Perkuat Ekosistem Riset, Kemenkum Sulteng Latih Dosen Susun Draft Paten
- 05 Mei 2026 21:34 WIB
- Ampana
RRI.CO.ID, Palu - Kantor Wilayah Kementerian Hukum Republik Indonesia Sulawesi Tengah (Kanwil Kemenkum Sulteng) terus memperkuat ekosistem inovasi daerah melalui kegiatan Klinik Penyusunan Draft dan Naskah Paten/Paten Sederhana yang digelar di lingkungan perguruan tinggi.
Kegiatan tersebut dilaksanakan di Ruang Rapat LPPM Universitas Tadulako dan diikuti sekitar 15 dosen dari berbagai bidang keilmuan. Klinik ini bertujuan meningkatkan pemahaman serta keterampilan akademisi dalam menyusun dokumen paten sesuai standar pemeriksaan.
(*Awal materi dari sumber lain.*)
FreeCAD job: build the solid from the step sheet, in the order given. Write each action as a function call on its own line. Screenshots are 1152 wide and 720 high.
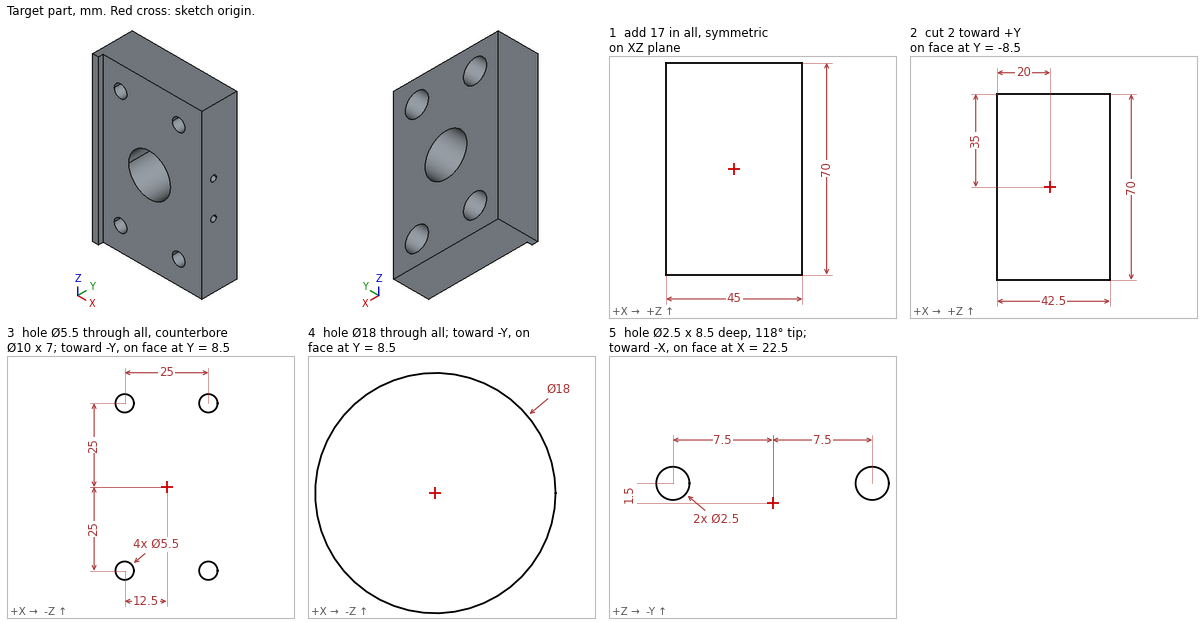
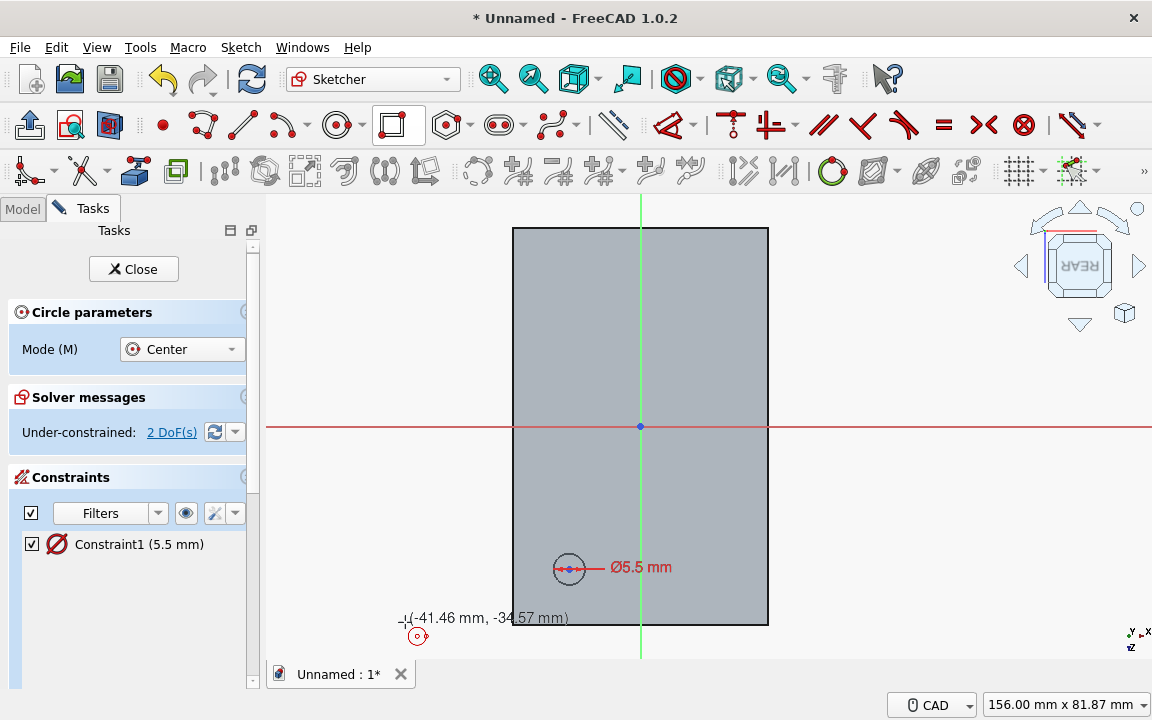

Sekretaris LPPM Universitas Tadulako, Syamsul Arifin, menyampaikan bahwa potensi inovasi di lingkungan kampus sangat besar.
“Tahun ini terdapat kurang lebih 800 proposal penelitian yang masuk di LPPM, yang berpotensi untuk dikembangkan menjadi Kekayaan Intelektual, khususnya paten,” ujarnya, Selasa 5 April 2026.
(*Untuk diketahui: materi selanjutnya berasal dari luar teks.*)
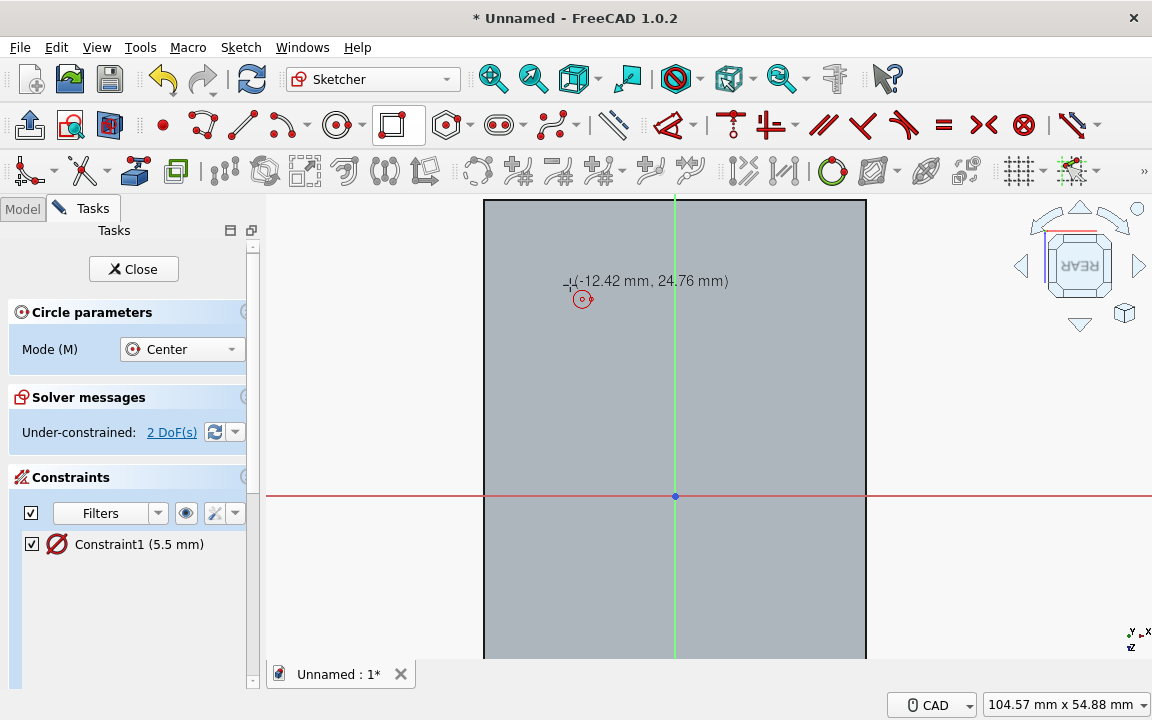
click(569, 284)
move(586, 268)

Kepala Kanwil Kemenkum Sulteng, Rakhmat Renaldy, dalam sambutannya menegaskan pentingnya perlindungan hukum terhadap inovasi teknologi melalui paten.
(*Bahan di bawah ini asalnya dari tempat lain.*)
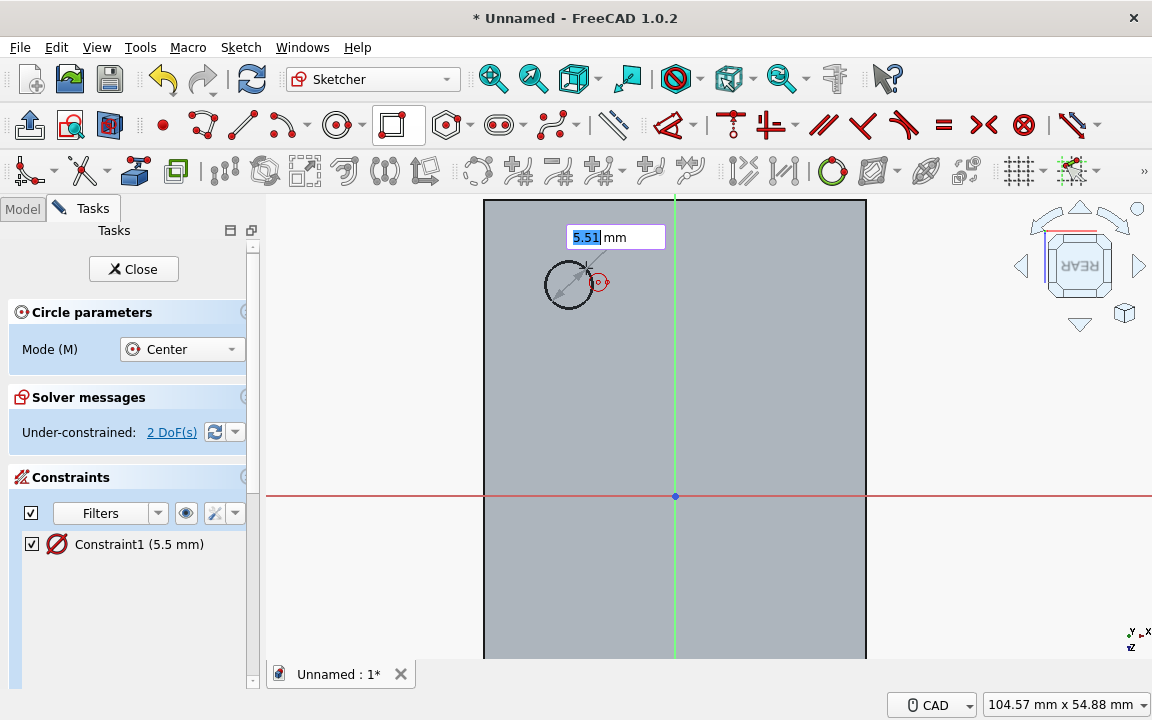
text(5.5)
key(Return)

“Paten merupakan instrumen penting dalam memberikan perlindungan hukum di bidang teknologi. Melalui kegiatan ini, kami berharap para dosen dan peneliti memiliki kemampuan praktis dalam menyusun dokumen paten yang baik dan benar, sehingga hasil penelitian tidak hanya berhenti di publikasi, tetapi juga memiliki nilai perlindungan dan potensi komersial,” tegasnya.
Klinik ini menghadirkan narasumber dari Direktorat Jenderal Kekayaan Intelektual, Dian Wagiman, yang memaparkan secara teknis tata cara penyusunan draft paten, mulai dari format penulisan, struktur naskah, hingga komponen yang wajib dicantumkan.
Selain itu, akademisi Sahrul Saehana turut berbagi pengalaman praktis dalam proses pendaftaran paten. Ia menyoroti masih rendahnya tingkat komersialisasi paten di Sulawesi Tengah yang menjadi tantangan bersama.
Sebagai tindak lanjut, sejumlah rekomendasi strategis disampaikan, di antaranya perlunya koordinasi lanjutan terkait permohonan paten yang tertunda, pendampingan berkelanjutan hingga tahap pengajuan, serta penguatan kerja sama dengan sektor industri guna mendorong komersialisasi hasil riset.
Melalui kegiatan ini, Kanwil Kemenkum Sulteng menegaskan komitmennya dalam mendorong transformasi hasil penelitian menjadi kekayaan intelektual yang terlindungi dan memiliki nilai tambah bagi pembangunan daerah.
Kata Kunci / Tags
Rekomendasi Berita
Memuat berita terbaru.....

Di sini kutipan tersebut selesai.